* [What needs to be done]: Scan the material below for every line with the string "this", and copy those lines.

[Exercise input — start]

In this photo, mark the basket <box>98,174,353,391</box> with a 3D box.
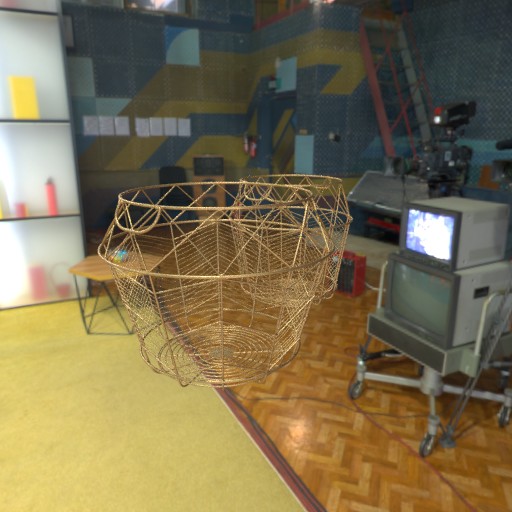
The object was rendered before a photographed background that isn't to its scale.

[Exercise input — finish]
[Exercise input — start]

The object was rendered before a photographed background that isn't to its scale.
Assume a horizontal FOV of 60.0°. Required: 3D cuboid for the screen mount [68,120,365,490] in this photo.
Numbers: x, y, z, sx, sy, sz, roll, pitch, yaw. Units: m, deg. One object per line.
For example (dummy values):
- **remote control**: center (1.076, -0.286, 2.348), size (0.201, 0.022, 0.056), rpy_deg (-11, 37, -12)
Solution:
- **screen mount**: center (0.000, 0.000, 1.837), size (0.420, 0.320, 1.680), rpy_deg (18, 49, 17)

[Exercise input — finish]

* [Answer box]:
In this photo, mark the basket <box>98,174,353,391</box> with a 3D box.
Assume a horizontal FOV of 60.0°. Required: 3D cuboid for the screen mount [68,120,365,490] in this photo.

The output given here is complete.